A friend of mine (thanks, Jess!) posted a link to this video last week, and it’s just too cool not to share. It’s a short excerpt from the BBC series Life, written and narrated by the great David Attenborough. The series is produced by the same folks who created the amazing Planet Earth series in 2006, and it shows – the cinematography is stunning!

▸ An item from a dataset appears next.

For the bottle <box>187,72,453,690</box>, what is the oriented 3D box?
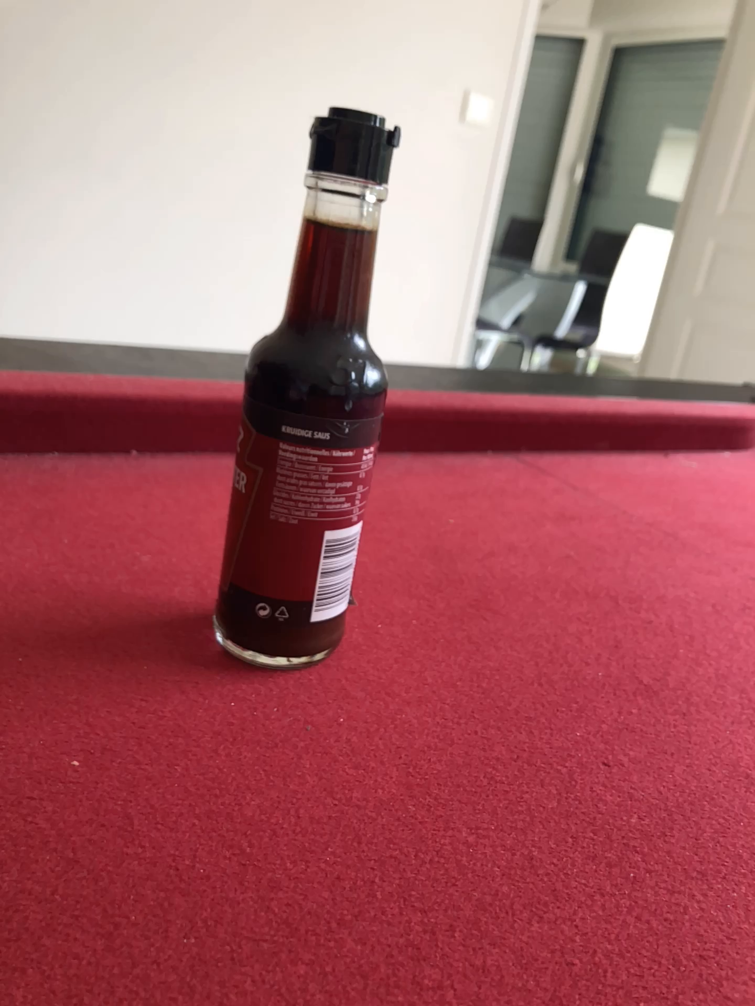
[{"bbox_3d":[-0.020,-0.035,0.278,0.050,0.179,0.050,10,17,-3],"label":"bottle"}]
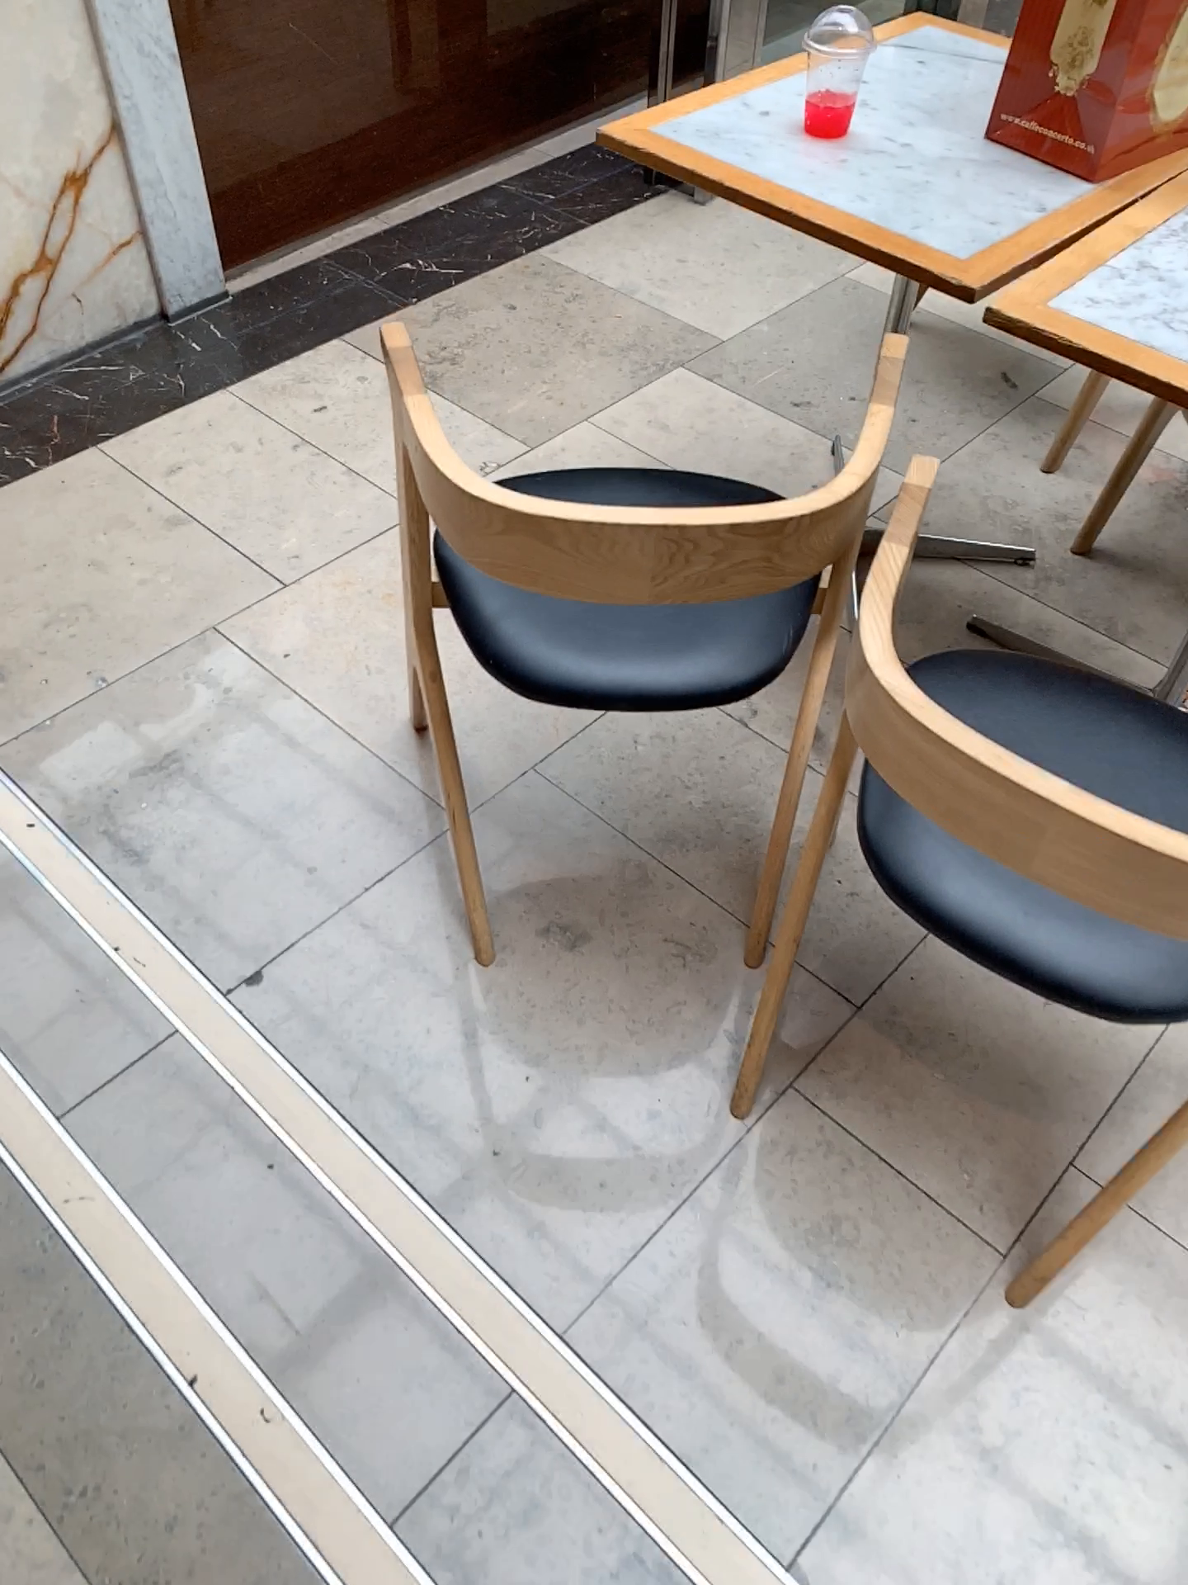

In this clip, time-lapse photography is used to show the profusion of animals living on the seafloor in Antarctica’s McMurdo Sound. Here, 10-foot nemertean worms, multi-colored sea stars, urchins, and other invertebrates teem in slow motion. Time-lapse photography allows the filmmakers to portray these creatures’ lives at a less alien pace, revealing their remarkable natural history in a way that the human visual system simply can’t appreciate in real time. Time-lapse certainly isn’t a new technique, but most time-lapse sequences I’ve seen are quite static, whereas these sequences use slow pans and zooms that make the shots much more dynamic. My favorite sequence begins about 30 seconds into the clip, where the camera is shooting down onto the seafloor. I can only imagine the difficulty of orchestrating some of these shots!
Life makes its US debut on March 21 on the Discovery Channel. Oprah Winfrey will be narrating the US release of this series. I’m a bit disappointed by this – I’m sure Oprah will do a good job with it, but there is only one Sir David!